Sabato, 20 Luglio 2024
Lo scontro

Giuseppe Conte contro Beppe Grillo e Virginia Raggi: è guerra nel M5S

L'ex premier risponde alle battute del fondatore e alle dichiarazioni dell'ex sindaca di Roma

"Abbiamo parlato a lungo, un'ora e mezza. Abbiamo scherzato, riso, l'ho lasciato in ottima forma. Assolutamente coinvolto e pimpante. Poi lasciamogli liberamente fare le battute che ritiene. A quella su Berlusconi, preferisco quella su Draghi grillino, anche se più dannosa per la comunità del Movimento 5 Stelle". Sono le parole del Presidente del Movimento 5 Stelle, Giuseppe Conte, in merito alle battute del fondatore Beppe Grillo, recitate durante uno spettacolo a Fiesole.

"Il destino del Movimento non è nelle mani di Grillo"

Battute a parte, le acque sono molto agitate. "Il destino del Movimento 5 Stelle - ha continuato Conte parlando con i cronisti in Transatlantico - non è nelle mani di Grillo, è nelle mani di un'intera comunità di uomini e donne che deciderà del suo futuro all'assemblea costituente del prossimo settembre. Questa riflessione è già iniziata: c'è stata l'assemblea congiunta, il consiglio nazionale, hanno parlato tutti. Abbiamo rinviato le decisioni all'assemblea costituente.
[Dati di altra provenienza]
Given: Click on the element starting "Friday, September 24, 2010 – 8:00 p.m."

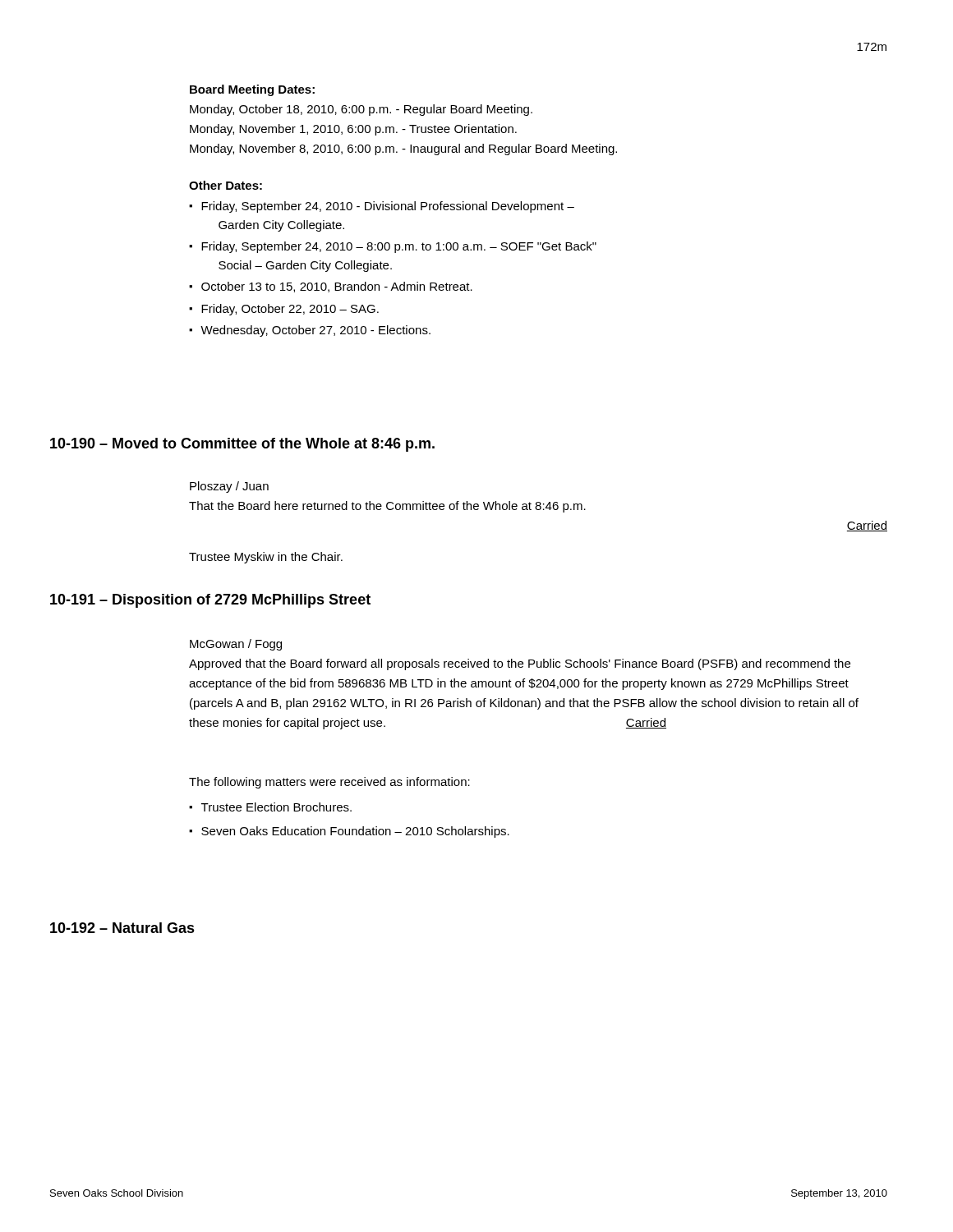Looking at the screenshot, I should pyautogui.click(x=399, y=255).
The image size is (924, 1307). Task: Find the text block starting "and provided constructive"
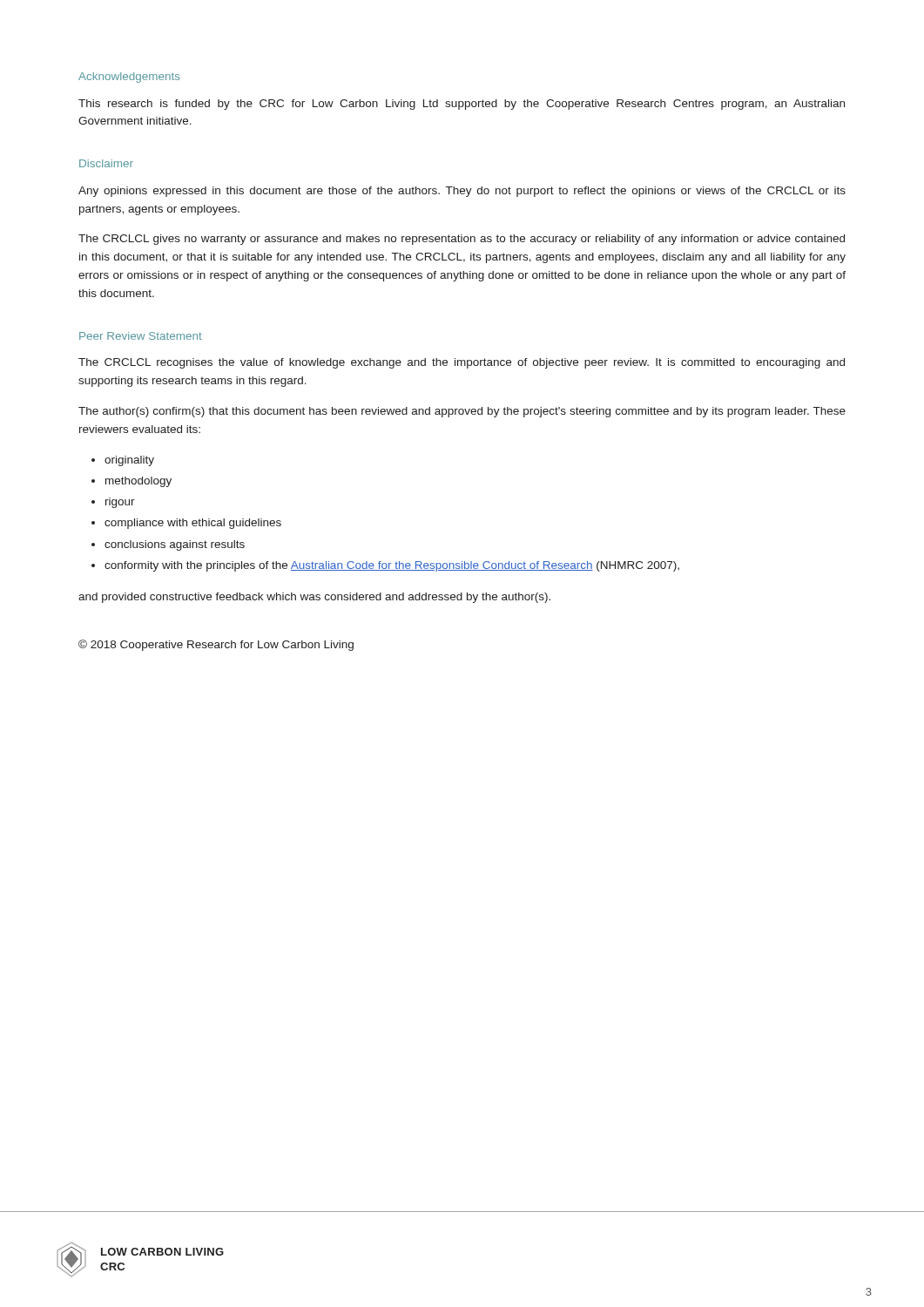[462, 597]

Di essenziale qui non c'è la singola persona ma una comunità che ormai è fatta da gente seria, matura, che decide del proprio destino". 

Grillo attacca Conte: "Ha preso più voti Berlusconi da morto che lui da vivo"

Parole che sanno di sfida, come quelle con cui l'ex premier ha risposto anche alle affermazioni dell'ex sindaca di Roma, Virginia Raggi, che in un'intervista al Corsera ha criticato la scelta di posizionare il Movimento sul fronte progressista e ha chiesto un "ritorno alle origini" che rimetta i pentastellati in una posizione neutra, equidistanti dalla destra e dalla sinistra. "Che significa tornare alle origini? Significa restart? Rewind? Il contesto politico e sociale è completamente mutato e se non lo riesci a interpretare sei sempre più fuori", ha detto Conte che ha poi ribadito che il campo in cui posizionarsi è quello progressista, lanciando una frecciata a Raggi: "Se qualcuno ha inclinazioni di destra ne tragga le conseguenze".

M5S Europa: "Pieno sostegno a Conte"

E a confermare le tensioni interne, il posizionamento di alcuni esponenti vicini all'ex premier come il neoeletto eurodeputato ed ex presidente Inps, Pasquale Tridico che in una nota spiega che "Solo con Giuseppe Conte si rilancia il M5S" e la dichiarazione congiunta della delegazione grillina a Bruxelles: "Il nostro sostegno a Giuseppe Conte - spiegano gli eurodeputati - è unanime. Durante la campagna per le elezioni europee il Presidente si è personalmente speso con energia e determinazione per il Movimento 5 Stelle e noi non possiamo che esserne riconoscenti. Questo non è il momento delle polemiche, rimbocchiamoci piuttosto le maniche per rilanciare le nostre battaglie per la pace, il salario minimo e in difesa della Costituzione che la destra vuole picconare con l'autonomia differenziata e il premierato. Qualcuno vorrebbe darci per morti, ma noi siamo più forti e coesi di prima con la guida del Presidente Conte", concludono.